Remember when I told you about watching those "old" dollar movies twenty years ago at the Patterson?

Well, I'm not sure how it happened, but now I somehow have eight different devices in my home with which I can stream content from at least 11 (last time I counted) different content providers! One of these devices is tucked into my pocket as I write. Like me, you may not have noticed it, but the technology is already ubiquitous. It's the content we can't quite see yet.

If streaming content and $150 movies haven't got your head spinning, Spielberg and Lucas took a few moments to speculate on the future of video games, too.

While they both believe that the medium lacks truly empathetic characters, and there's too much mindless violence, the two directors see a day coming when joysticks and controllers are no longer needed to play. We've seen glimmers of that future with Nintendo's motion-sensitive Wii console, and Microsoft Xbox Kinect. The latter reads the position and posture of your entire body, not just what your hand is doing, and puts you in the action.

The Only Limit Is Imagination

"I believe [we] need to get rid of the proscenium. We're never going to be totally immersive as long as we're looking at a square, whether it's a movie screen or whether it's a computer screen." said Spielberg.

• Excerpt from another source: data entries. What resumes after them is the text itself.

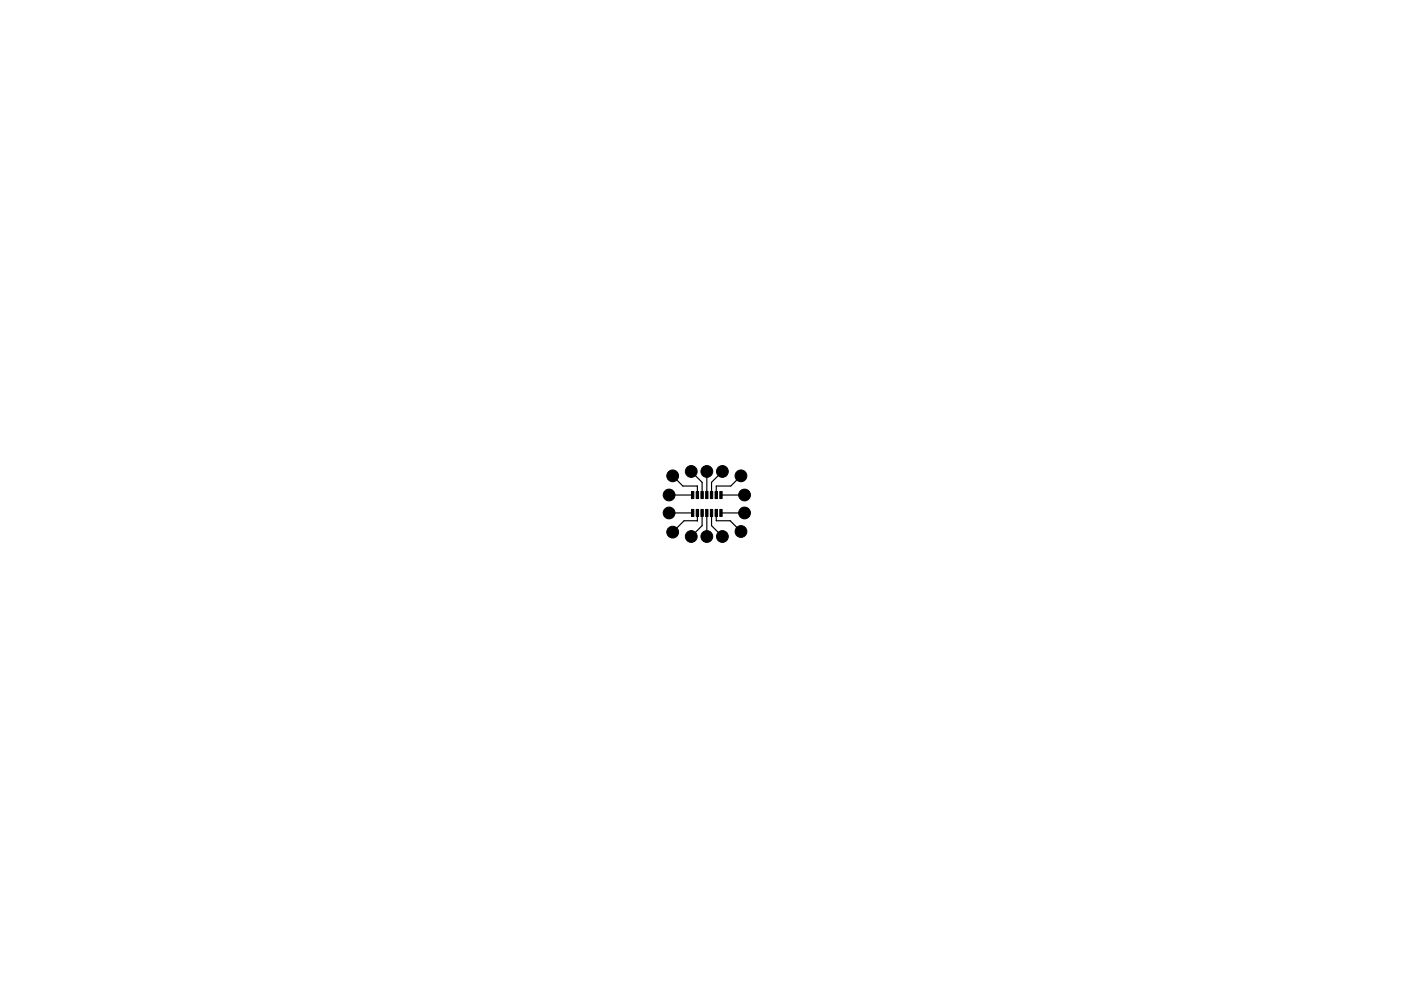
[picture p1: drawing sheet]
<svg xmlns="http://www.w3.org/2000/svg" width="297mm" height="210mm" viewBox="0 0 297 210" stroke-linecap="round" stroke-linejoin="round" font-family="sans-serif">
<g fill="#000" stroke="#000" stroke-width=".21">
<path d="M146.6 108.1h.5v1.5h-.5zM146.6 104.3h.5v1.5h-.5zM147.6 108.1h.5v1.5h-.5zM147.6 104.3h.5v1.5h-.5zM148.6 108.1h.5v1.5h-.5zM148.6 104.3h.5v1.5h-.5zM149.6 108.1h.5v1.5h-.5zM149.6 104.3h.5v1.5h-.5zM150.6 108.1h.5v1.5h-.5zM150.6 104.3h.5v1.5h-.5zM151.6 108.1h.5v1.5h-.5zM151.6 104.3h.5v1.5h-.5z"/>
<path d="M152.6 108.1h.5v1.5h-.5zM152.6 104.3h.5v1.5h-.5z"/>
<circle cx="141.9" cy="105" r="1.25"/>
<circle cx="141.9" cy="108.8" r="1.25"/>
<circle cx="142.6" cy="112.9" r="1.25"/>
<circle cx="142.6" cy="101" r="1.25"/>
<circle cx="146.6" cy="113.8" r="1.25"/>
<circle cx="146.6" cy="100" r="1.25"/>
<circle cx="149.9" cy="113.8" r="1.25"/>
<circle cx="149.9" cy="100" r="1.25"/>
<circle cx="153.2" cy="113.8" r="1.25"/>
<circle cx="153.2" cy="100" r="1.25"/>
<circle cx="157.1" cy="101" r="1.25"/>
<circle cx="157.1" cy="112.8" r="1.25"/>
<circle cx="157.9" cy="108.8" r="1.25"/>
<circle cx="157.9" cy="105" r="1.25"/>
</g>
<g fill="none" stroke="#000" stroke-width=".25">
<path d="M141.9 105h.1M141.9 105h5M141.9 108.8h5M141.9 108.8h.1M142.6 101l2.2 2.1h3l.1 1.9M146.6 100l2.3 2.3v2.7M147.9 108.8v1.7h-2.9l-2.4 2.4M148.9 108.8v2.7l-2.3 2.3M149.9 100v5M149.9 108.8v5M150.9 108.8v2.7l2.3 2.3M151.9 108.8v1.7h2.9l2.3 2.3"/>
<path d="M152.9 105h5M152.9 108.8h5M153.2 100l-2.3 2.3v2.7M157.1 101l-2.2 2.1h-3v1.9M157.9 108.8h.1M157.9 105h.1"/>
</g>
</svg>

Beyond even that, George Lucas predicts a time, soon, when brain implants or interfaces will allow the user to create entire worlds based on what they'd like to see. These interfaces are already being used to control artificial limbs, but haven't been applied to pure entertainment yet. This technology will resemble magic, and the ability to control one's own dreams.

But, according to George Lucas, this is only a new spin on an ancient human pastime.

"You still have to tell stories. Some people will want to be in a game, and some people will want to have a story told to them. Those are two different things. But the content always stays the same. The content hasn't changed in 10,000 years."